Мы стали болтать дальше, я попытался увести её на разговоры о
приятном, об отдыхе, а она и говорит:
– А для меня лучший выходной – дома, одной. И ребёнка погулять
выгнать, и чтобы совсем – одной. Потому что, знаете, это ж столько
людей каждый день – ужас! И, бывает, сидит вот, вроде, обычный
клиент, молчит, ничего так, всё нормально, но после него – будто
выпотрошенная, будто всю энергию высосал, вот честное слово! Вы не
подумайте чего, но правда!
– Да я не думаю, – сказал я.
– Вот прямо жуть просто, – Ира опять вздохнула и зашла с другой
стороны, мельком кинув на меня взгляд через зеркало.
– Да уж, в каждой профессии – свои нюансы.
– А ещё… Вы меня извините, но вы просто как-то располагаете к
откровенности… А ещё у нас очень непростые отношения с зеркалами.
Вот это зеркало, на мой взгляд, хорошее, нормальное такое зеркало.

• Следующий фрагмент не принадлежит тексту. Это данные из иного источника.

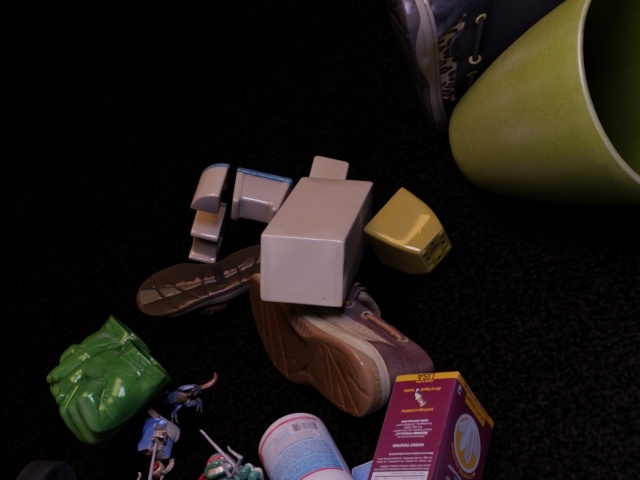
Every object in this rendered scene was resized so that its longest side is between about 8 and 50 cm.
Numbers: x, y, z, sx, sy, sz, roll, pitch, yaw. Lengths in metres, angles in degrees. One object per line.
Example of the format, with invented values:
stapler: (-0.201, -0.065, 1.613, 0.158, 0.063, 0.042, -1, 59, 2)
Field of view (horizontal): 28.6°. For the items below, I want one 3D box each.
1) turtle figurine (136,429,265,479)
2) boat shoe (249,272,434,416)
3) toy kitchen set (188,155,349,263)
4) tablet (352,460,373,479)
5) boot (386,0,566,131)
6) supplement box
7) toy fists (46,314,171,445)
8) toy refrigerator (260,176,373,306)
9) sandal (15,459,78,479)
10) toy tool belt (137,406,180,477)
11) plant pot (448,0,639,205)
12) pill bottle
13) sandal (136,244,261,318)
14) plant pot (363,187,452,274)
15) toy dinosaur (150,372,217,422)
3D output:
turtle figurine: (-0.114, 0.316, 1.436, 0.175, 0.118, 0.234, -37, 49, 25)
boat shoe: (0.021, 0.114, 1.570, 0.123, 0.123, 0.342, -16, 20, -24)
toy kitchen set: (-0.078, -0.040, 1.841, 0.207, 0.166, 0.122, 13, 50, 2)
tablet: (0.063, 0.283, 1.419, 0.054, 0.006, 0.083, -25, 39, 15)
boot: (0.243, -0.285, 1.649, 0.284, 0.377, 0.138, -23, 69, 4)
supplement box: (0.115, 0.246, 1.335, 0.080, 0.104, 0.188, -9, 45, 32)
toy fists: (-0.298, 0.188, 1.698, 0.142, 0.096, 0.279, -49, 20, -6)
toy refrigerator: (0.000, 0.000, 1.601, 0.102, 0.094, 0.269, 4, 19, 8)
sandal: (-0.361, 0.453, 1.459, 0.107, 0.168, 0.446, 2, 49, 18)
toy tool belt: (-0.218, 0.262, 1.631, 0.052, 0.051, 0.083, -18, 41, 24)
plant pot: (0.300, -0.152, 1.517, 0.293, 0.275, 0.275, -18, 37, 52)
pill bottle: (-0.008, 0.275, 1.417, 0.087, 0.087, 0.160, -36, 36, 2)
sandal: (-0.154, 0.068, 1.794, 0.219, 0.060, 0.090, -19, 44, -1)
plant pot: (0.122, -0.003, 1.625, 0.083, 0.081, 0.081, 30, 71, 40)
toy dinosaur: (-0.190, 0.217, 1.688, 0.082, 0.047, 0.090, -10, 10, 44)
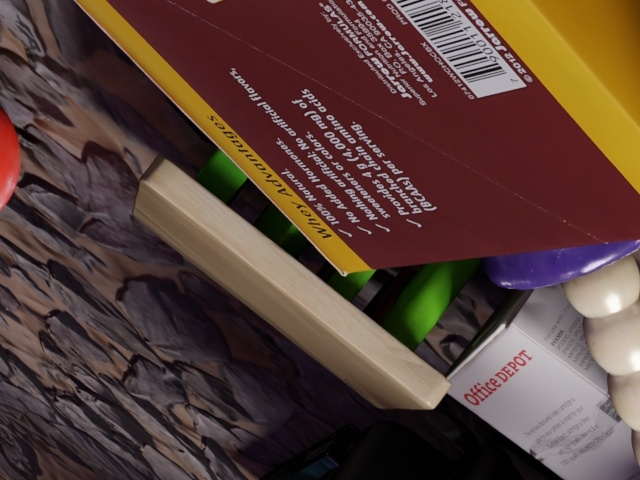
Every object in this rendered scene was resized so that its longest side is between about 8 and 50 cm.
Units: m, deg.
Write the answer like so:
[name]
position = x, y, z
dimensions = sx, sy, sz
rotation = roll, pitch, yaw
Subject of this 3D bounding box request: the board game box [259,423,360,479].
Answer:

А Наташа, сменщица моя, говорит, что это зеркало плохое, ей тяжело
перед ним работать.
Я искренне прислушался к себе. Посмотрел на свою физиономию со
смешными недостриженными мокрыми прядями. И веско сказал:
– Нормальное зеркало. Хорошее.
Ира обрадовалась:
– Вот и мне кажется!..
Она достригла меня, посетовав по мелочам, что в такой солнечный
день не может пойти погулять в парк, с ребёнком. И что спасибо мне
за компанию, и что «приходите ещё! не зарастайте!»
По пути домой я напился солнца, тягучего, холодного, с ветром, и,
придя домой, первым делом клацнул чайником. Заварил кофе. Отхлебнул
целебный согревающий глоток.
И представил, как кротко и неспокойно живёт свою парикмахерскую
жизнь этот человек: дышит шахтёрской взвесью, тяготится «тяжёлыми»
клиентами-молчунами и с каждым новым зеркалом ведёт немой кошачий
поединок: ты нормальное? хорошее? ты меня не обидишь? И вздыбленная
спина постепенно расслабляется, успокаивается, и в весеннем
солнечном воздухе, пробивающем парикмахерскую до стойки с
журналами, остаётся лишь вечный звук клацающих ножниц.